Civil society demands key reforms of the EIB
In response to the launch of EIB Global, 23 civil society organisations from all around the world formulated key demands to guide the Bank’s future operations. Here are the most important ones:
- EIB Global should demonstrate clear development additionality. Focusing on a pro-poor sustainable development agenda should be a priority rather than acting as a tool of economic competitiveness and diplomacy supporting geopolitical interests of the EU. EIB Global should modify its policies and governance structure to strengthen participation and ensure affected communities in recipient countries establish their own development strategies and priorities.
- EIB Global must ensure inclusive and meaningful consultation and engagement with communities impacted by its projects prior to their approval and throughout project implementation.
- EIB Global, especially when operating in fragile contexts, must ensure that local communities have knowledge about and access to effective, independent and safe complaints mechanisms (an independent project-level grievance mechanism, a reinforced EIB Complaints Mechanism and access to the European Ombudsman), including the right to effective redress. The EIB Complaints Mechanism should be reformed and its effectiveness and safe access should be reinforced so that it becomes a more meaningful and less risky avenue for impacted rights-holders.

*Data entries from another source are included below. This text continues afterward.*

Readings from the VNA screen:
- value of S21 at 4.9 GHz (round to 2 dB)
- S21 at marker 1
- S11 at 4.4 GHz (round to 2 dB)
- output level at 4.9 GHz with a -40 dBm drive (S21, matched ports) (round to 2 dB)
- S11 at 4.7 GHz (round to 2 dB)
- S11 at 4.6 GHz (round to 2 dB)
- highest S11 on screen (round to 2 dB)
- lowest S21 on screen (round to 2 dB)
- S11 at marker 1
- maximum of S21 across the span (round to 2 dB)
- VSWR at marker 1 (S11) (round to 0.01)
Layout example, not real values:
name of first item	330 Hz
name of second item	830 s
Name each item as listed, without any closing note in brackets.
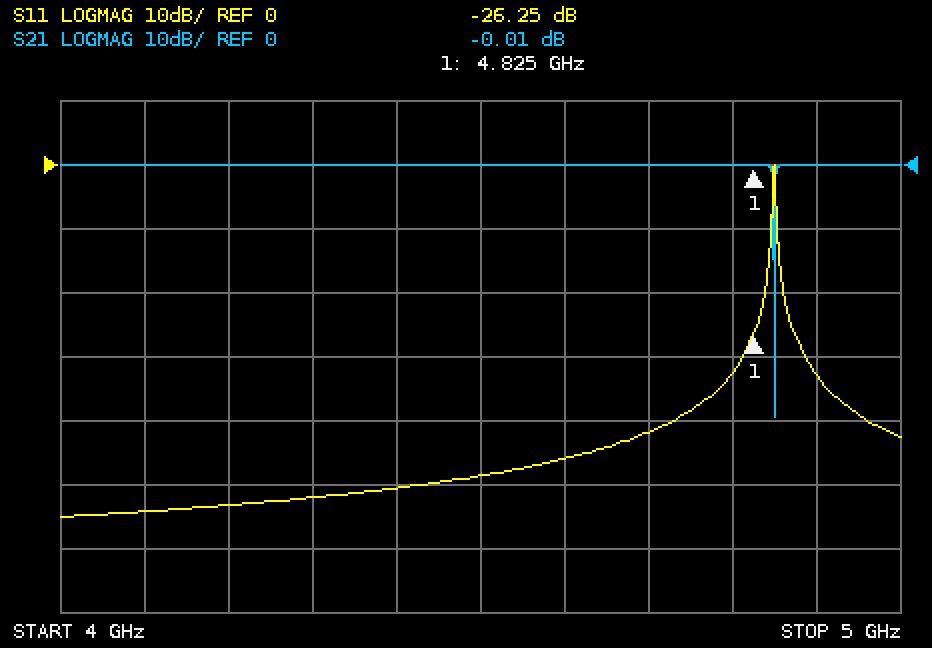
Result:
value of S21 at 4.9 GHz	0 dB
S21 at marker 1	-0.01 dB
S11 at 4.4 GHz	-50 dB
output level at 4.9 GHz with a -40 dBm drive (S21, matched ports)	-40 dBm
S11 at 4.7 GHz	-42 dB
S11 at 4.6 GHz	-46 dB
highest S11 on screen	0 dB
lowest S21 on screen	-40 dB
S11 at marker 1	-26.25 dB
maximum of S21 across the span	0 dB
VSWR at marker 1 (S11)	1.10
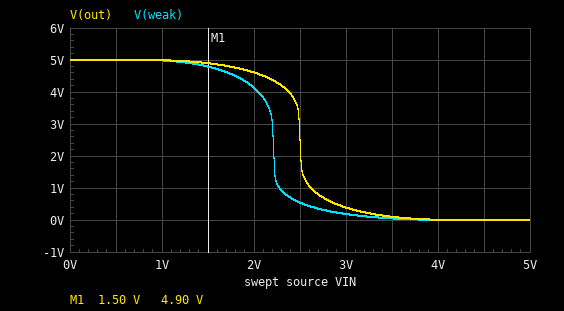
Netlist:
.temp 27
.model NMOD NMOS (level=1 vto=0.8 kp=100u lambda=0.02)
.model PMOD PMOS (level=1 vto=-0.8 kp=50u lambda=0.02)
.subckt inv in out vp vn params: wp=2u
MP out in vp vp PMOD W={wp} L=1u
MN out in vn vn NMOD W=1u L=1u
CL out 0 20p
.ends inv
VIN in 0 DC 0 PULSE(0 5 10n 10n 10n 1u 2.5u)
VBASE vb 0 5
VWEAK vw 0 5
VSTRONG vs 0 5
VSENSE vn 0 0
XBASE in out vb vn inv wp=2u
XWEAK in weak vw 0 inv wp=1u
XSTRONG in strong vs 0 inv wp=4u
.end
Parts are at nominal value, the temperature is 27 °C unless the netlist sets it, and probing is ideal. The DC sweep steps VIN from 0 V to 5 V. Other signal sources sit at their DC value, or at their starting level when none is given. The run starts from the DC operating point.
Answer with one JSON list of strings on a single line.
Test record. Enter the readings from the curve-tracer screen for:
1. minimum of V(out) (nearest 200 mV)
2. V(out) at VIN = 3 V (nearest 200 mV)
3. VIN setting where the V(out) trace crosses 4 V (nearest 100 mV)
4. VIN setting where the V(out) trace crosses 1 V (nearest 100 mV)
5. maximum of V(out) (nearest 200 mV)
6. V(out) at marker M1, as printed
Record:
["0 V", "400 mV", "2.4 V", "2.6 V", "5.0 V", "4.90 V"]
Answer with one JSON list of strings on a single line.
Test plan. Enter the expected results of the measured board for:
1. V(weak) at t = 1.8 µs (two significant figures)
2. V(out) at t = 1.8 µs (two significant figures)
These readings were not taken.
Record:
["5.0 V", "5.0 V"]
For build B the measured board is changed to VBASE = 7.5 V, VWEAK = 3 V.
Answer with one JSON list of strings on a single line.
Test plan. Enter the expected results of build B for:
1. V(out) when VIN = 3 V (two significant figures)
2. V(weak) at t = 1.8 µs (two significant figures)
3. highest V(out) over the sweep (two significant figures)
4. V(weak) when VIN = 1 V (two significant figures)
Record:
["6.7 V", "2.9 V", "7.5 V", "3.0 V"]
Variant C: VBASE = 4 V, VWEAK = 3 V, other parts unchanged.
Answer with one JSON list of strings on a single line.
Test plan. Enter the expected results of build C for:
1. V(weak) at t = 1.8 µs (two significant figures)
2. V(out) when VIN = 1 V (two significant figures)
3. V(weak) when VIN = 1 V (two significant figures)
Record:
["2.9 V", "4.0 V", "3.0 V"]
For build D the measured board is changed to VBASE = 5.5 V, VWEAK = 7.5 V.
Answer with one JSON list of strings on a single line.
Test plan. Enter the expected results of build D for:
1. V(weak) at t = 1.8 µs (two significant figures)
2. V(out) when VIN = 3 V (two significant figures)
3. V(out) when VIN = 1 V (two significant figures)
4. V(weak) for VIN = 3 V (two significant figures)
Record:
["7.5 V", "880 mV", "5.5 V", "5.6 V"]
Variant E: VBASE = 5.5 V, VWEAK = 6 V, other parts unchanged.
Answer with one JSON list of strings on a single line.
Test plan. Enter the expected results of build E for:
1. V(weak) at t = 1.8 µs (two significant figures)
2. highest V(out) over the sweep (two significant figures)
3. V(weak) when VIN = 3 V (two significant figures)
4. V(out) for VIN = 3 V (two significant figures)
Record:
["6.0 V", "5.5 V", "720 mV", "880 mV"]

- Increased transparency is needed at the new EIB Global branch, especially for the people affected by EIB-financed projects, as well as for societies globally who should be given the information to understand the costs and benefits of EIB operations that are relevant to them. In addition to transparency at the project level, EIB Global’s decision-making structure – including its Advisory Board – should operate in full transparency via disclosing its composition, agendas and minutes.
- Following the adoption of the new Environmental and Social Sustainability Framework, the EIB’s environmental and social due diligence practices should be reviewed and strengthened. Currently the quality of the Bank’s due diligence and monitoring remains insufficient. The EIB should not support any project which does not fully comply with all relevant environmental and social standards.
- The EIB does not have a dedicated system of human rights due diligence. The existing social safeguards neither sufficiently prevent intimidation, threats and forced evictions, nor protect the existence and wellbeing of the most vulnerable project stakeholders. For this reason, the EIB must develop a Human Rights Strategy and adequate, publicly accessible procedures for human rights risks and impact assessments at project level.